O zamanın görgü tanıkları, Luanda sokaklarında, bağımsızlık gecesinde sevinç ve korkunun birbirine karıştığını, “neşenin yanı sıra uzaktan topçu seslerinin de duyulduğunu” anımsıyor. Güney Afrika uçakları ülkenin güneyi üzerinde uçarken, Küba zırhlılarından oluşan sütunlar Catete yolu boyunca ilerledi.
Elli yıl sonra 1975’te verilen söz hala eksik. Aktivist Sizaltina Cutaia’ya göre bağımsızlık, “savaşanların kendilerinden mahrum bırakılan vatandaşlıklarını ve insanlıklarını gerçekleştirmek istedikleri bir araçtı”. Ancak ülkenin bu sözü yerine getirmediğini düşünüyor.

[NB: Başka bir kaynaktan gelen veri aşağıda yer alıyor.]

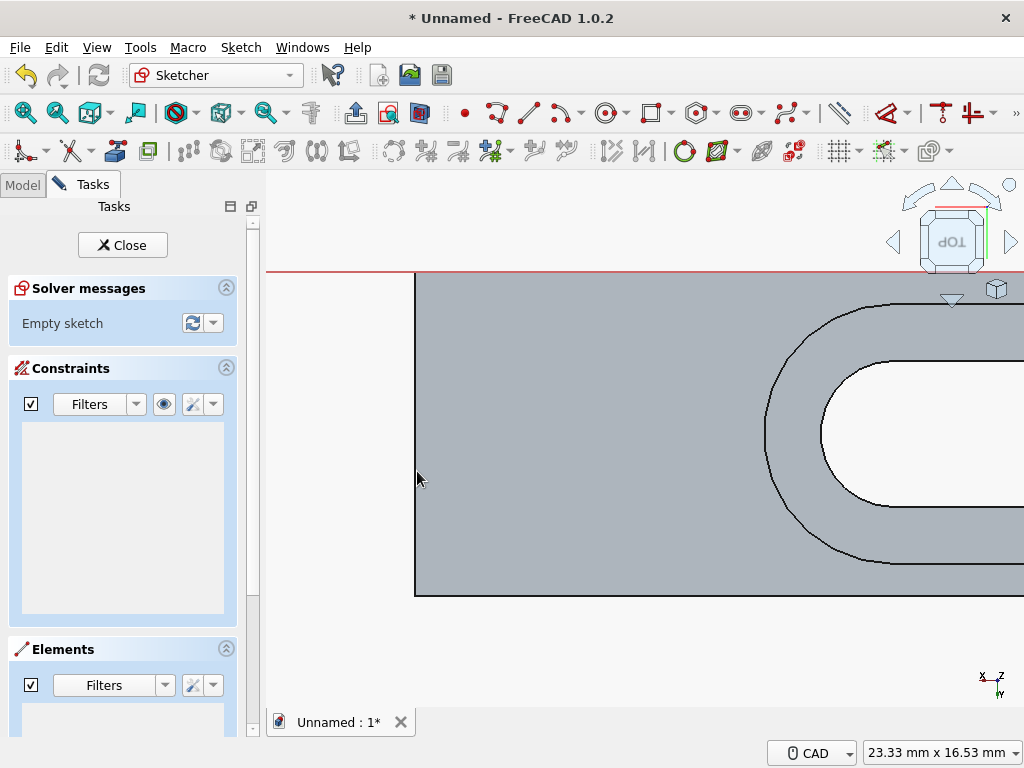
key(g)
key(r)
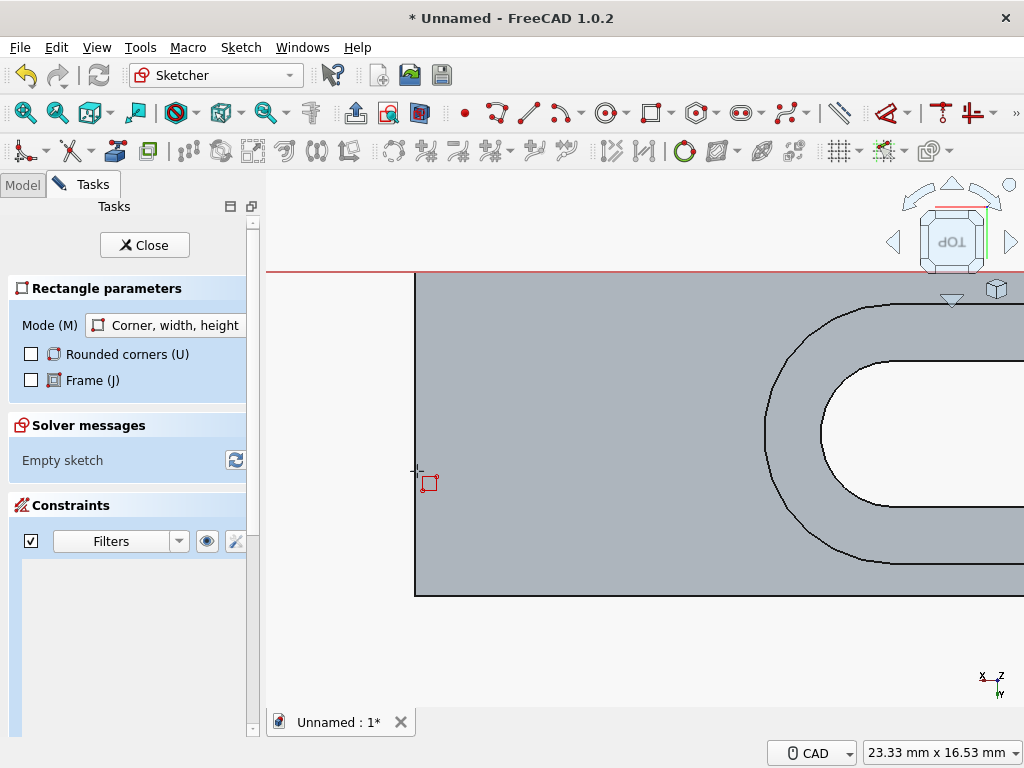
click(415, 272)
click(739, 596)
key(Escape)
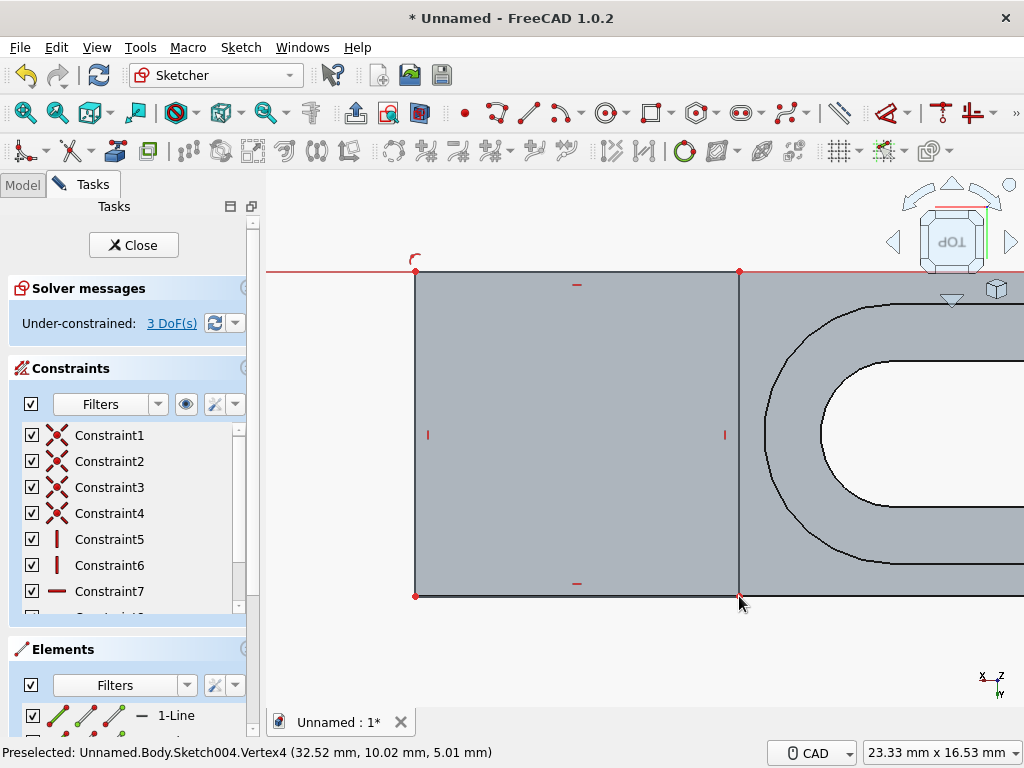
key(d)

“Özgür doğmuş olan bizler, bağımsız bir ulusun belirli sınırlamalara sahip olmaması gerektiğini düşünüyorduk. Angola’nın sahip olduğu tarımsal potansiyel ve doğal kaynaklar göz önüne alındığında, halkı beslemek için hala ithalata bağımlı olmamız anlaşılmaz. Elli yıl sonra artık gıda egemenliğinden bahsetmemeliyiz.”
Portekizli araştırmacı Vasco Martins’e göre 11 Kasım 1975 gecesini anlamak, onun iki yüzünü tanımayı gerektiriyor: kurtuluş ve şiddet.

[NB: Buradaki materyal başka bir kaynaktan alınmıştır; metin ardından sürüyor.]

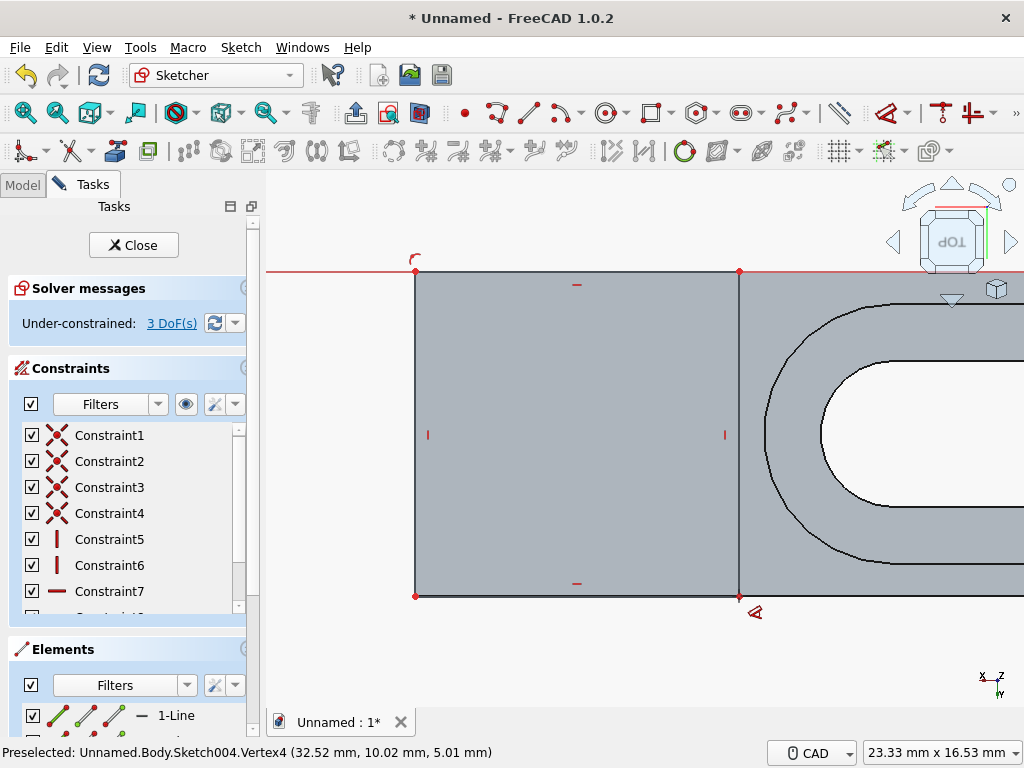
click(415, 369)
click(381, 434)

“1975’in vaatleri özgürleşme ve sömürgeci sömürünün sona ermesine ilişkin vaatlerdi ve bu anlamda yerine getirildiler ve Angolalılar kendi kaderlerini belirlemeye başladılar”, diye gözlemliyor. “Fakat 11 Kasım’ın sadece bir parti değil, aynı zamanda bir korku olduğunu da unutmamalıyız. Agostinho Neto’nun konuşması arka planda bomba sesleriyle duyulduAngola kuzeyden FNLA tarafından, güneyden ise Güney Afrika güçleri tarafından işgal edildi. Savaştan doğan bir ülkeydi” diye ekliyor.
Yarım yüzyıl sonra Angola siyasi hafızası araştırmacısı, bu belirsizliğin ulusal kimliğe damgasını vurmaya devam ettiğini düşünüyor.

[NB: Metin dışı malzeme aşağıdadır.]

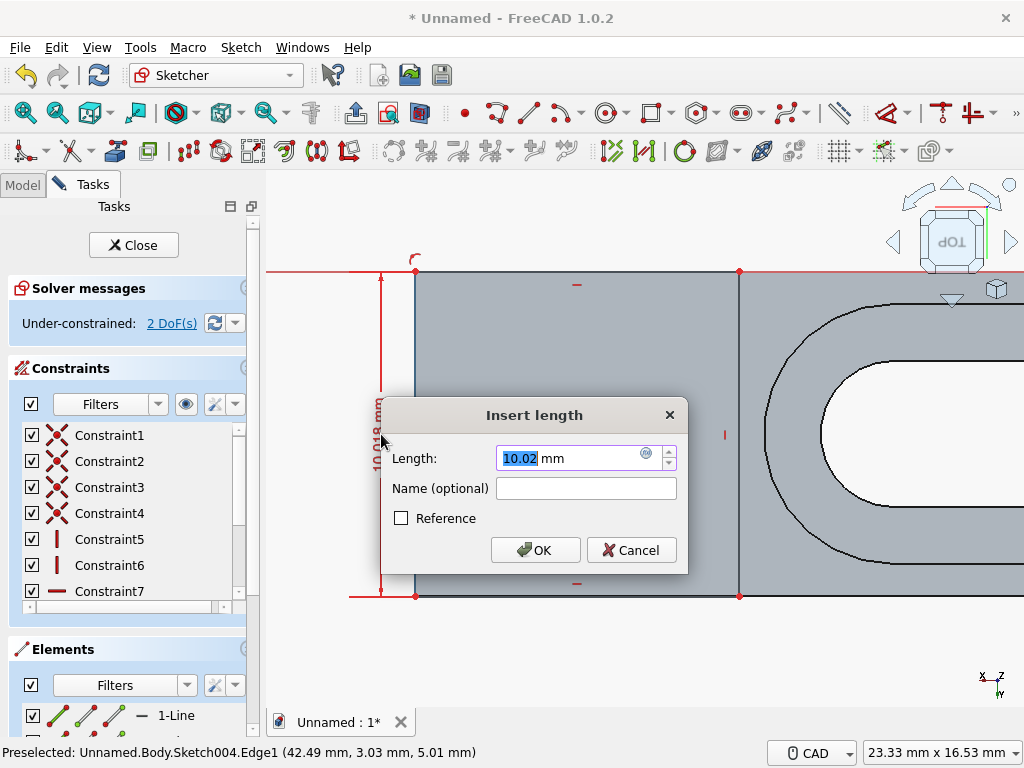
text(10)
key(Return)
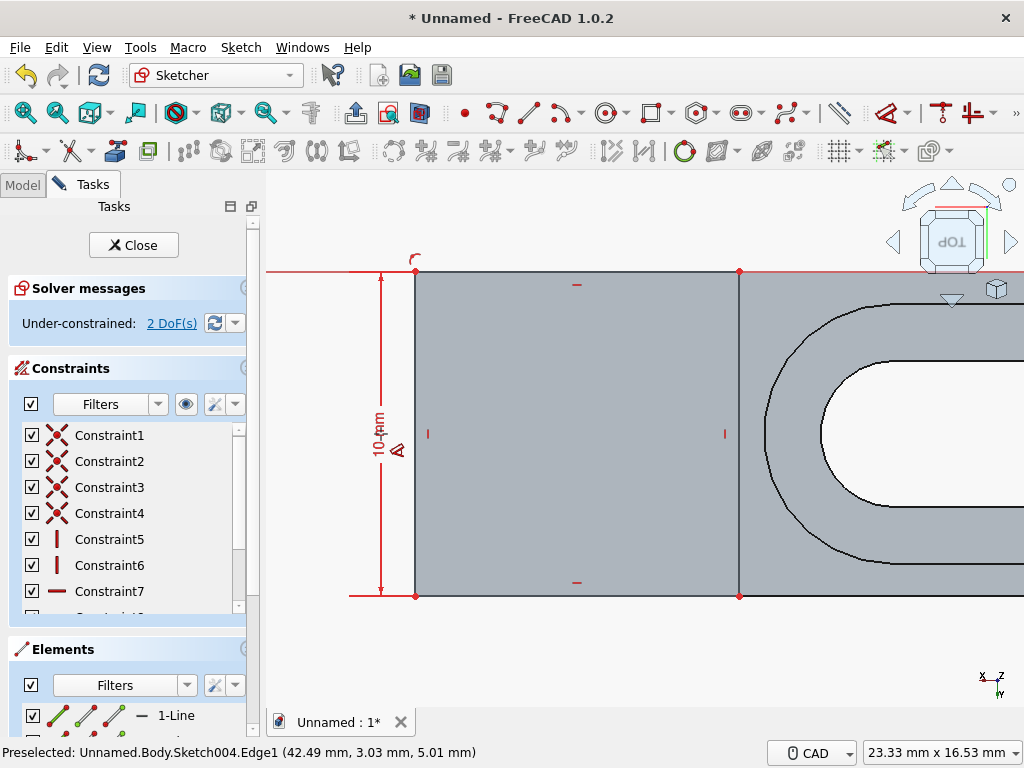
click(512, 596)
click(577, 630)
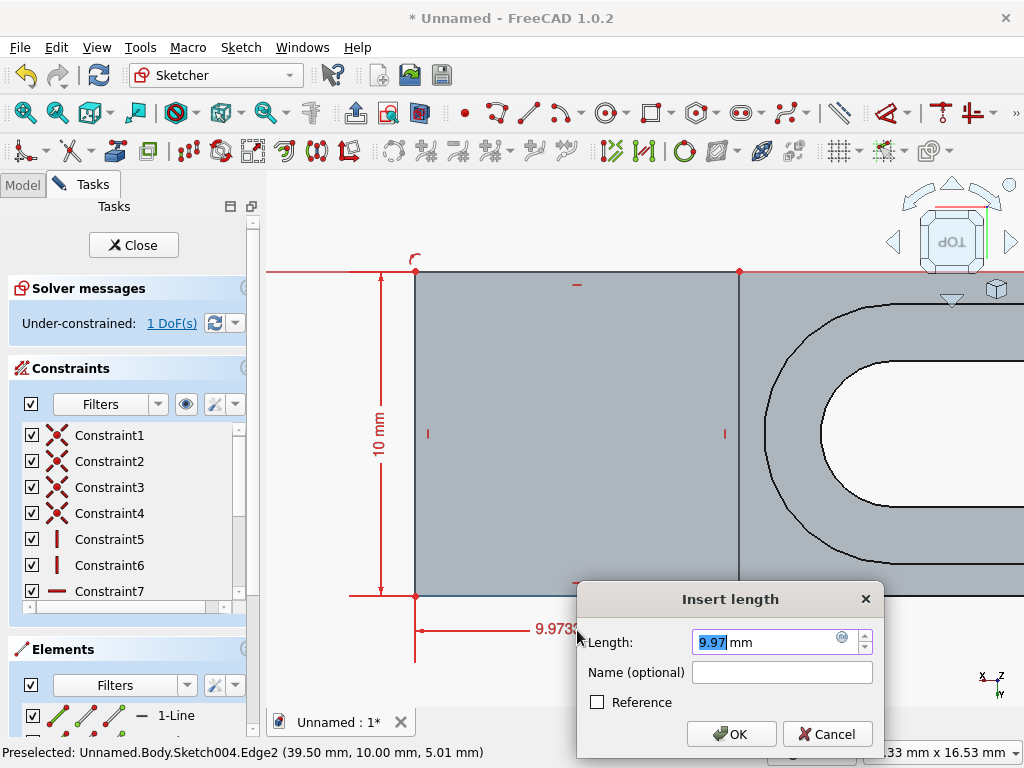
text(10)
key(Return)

“Bağımsızlık, yeni bir iç yönetim biçiminin başlangıç noktasıydı ve resmi bir iktidar hafızasının inşası için” diyor. “MPLA, kurtuluş ve daha sonra yeniden yapılanma anlatısını ‘ikinci bir kurtuluş mücadelesine’ dönüştürdü. Partiyi ülkenin hayatta kalmasıyla ilişkilendiren bu tarihsel okuma, Angola’nın geçmişe bakışını ve bugününü anlama biçimini şekillendirdi.”
Hafıza ve eleştiri arasında bağımsız olmanın ne anlama geldiğine dair düşünce devam ediyor.
Marcolino Moco, “Bağımsızlık politik bir eylemdi ama kötü başladık” diye itiraf ediyor. “Tek taraflı bağımsızlıktı, 27 yıllık bir savaşın kaynağıydı. Ve savaşın sonunda özgür ve adil seçim fikrine geri döndük ama birbirini asla anlamayan kahramanlarla. Bugün kendini yönetebilecek tek parti olarak sunan bir partimiz var. Tüm dönüşüm mekanizmalarını bloke etti. Dönüşümden bahsederken demokratik bir ülkede doğal bir hakkı kullanmaktan değil, MPLA’yı devirmekten bahsediyorlar.”